== Dataset records
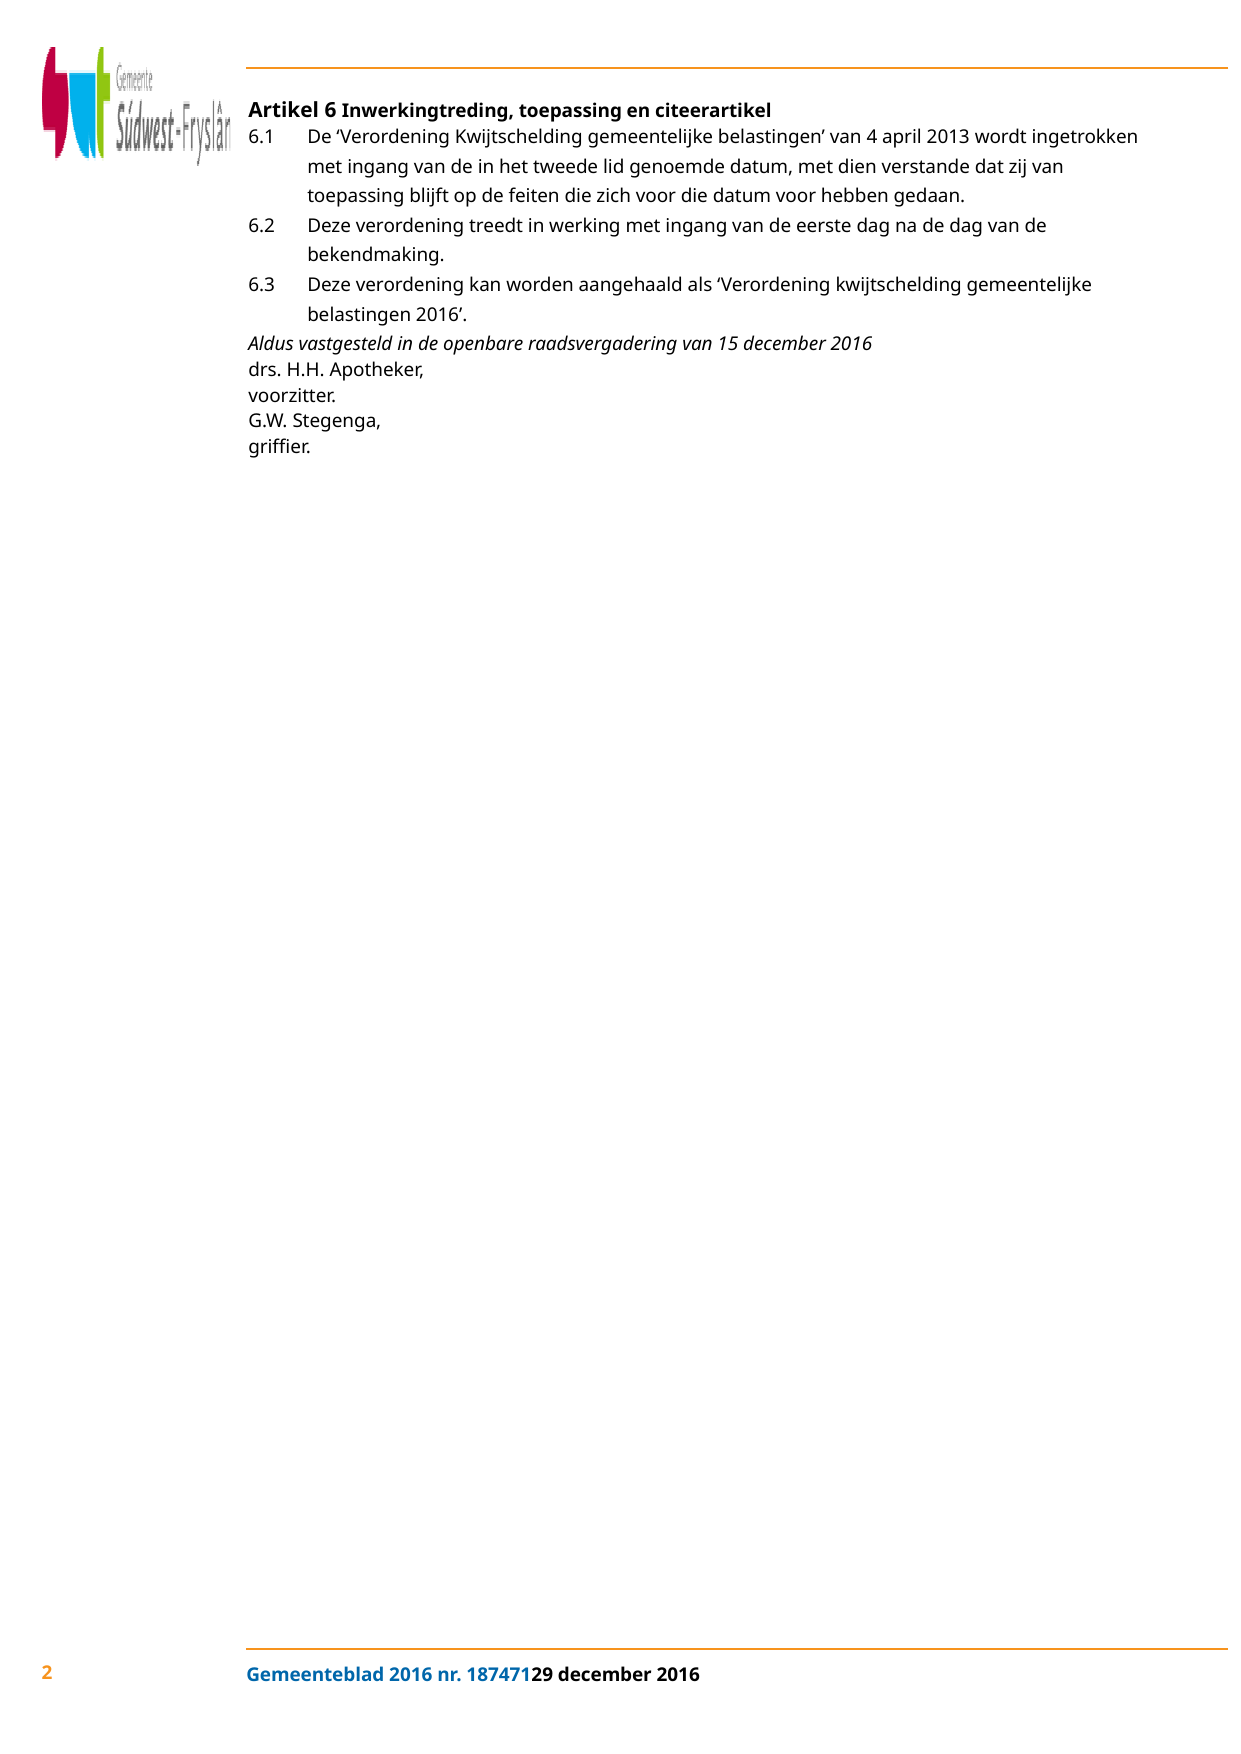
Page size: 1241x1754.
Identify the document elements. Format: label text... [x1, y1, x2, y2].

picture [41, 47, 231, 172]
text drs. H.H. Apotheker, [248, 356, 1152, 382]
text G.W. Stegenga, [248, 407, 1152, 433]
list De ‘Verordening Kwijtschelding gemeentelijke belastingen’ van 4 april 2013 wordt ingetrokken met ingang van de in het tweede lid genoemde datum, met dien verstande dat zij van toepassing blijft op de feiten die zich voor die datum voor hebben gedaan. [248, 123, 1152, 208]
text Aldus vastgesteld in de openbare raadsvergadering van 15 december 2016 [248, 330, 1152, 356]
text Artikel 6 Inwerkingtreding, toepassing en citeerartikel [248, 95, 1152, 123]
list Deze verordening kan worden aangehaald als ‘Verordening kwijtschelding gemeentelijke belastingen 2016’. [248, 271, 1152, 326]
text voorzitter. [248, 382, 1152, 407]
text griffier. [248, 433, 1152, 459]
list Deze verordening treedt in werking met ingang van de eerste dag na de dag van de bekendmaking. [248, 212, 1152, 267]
====
### About this task
From the records above, quote only the lines running from the line with "text Artikel 6" to the line with "text griffier. [248, 433, 1152, 459]", both lines included.

### Output for this exercise
text Artikel 6 Inwerkingtreding, toepassing en citeerartikel [248, 95, 1152, 123]
list Deze verordening kan worden aangehaald als ‘Verordening kwijtschelding gemeentelijke belastingen 2016’. [248, 271, 1152, 326]
text voorzitter. [248, 382, 1152, 407]
text griffier. [248, 433, 1152, 459]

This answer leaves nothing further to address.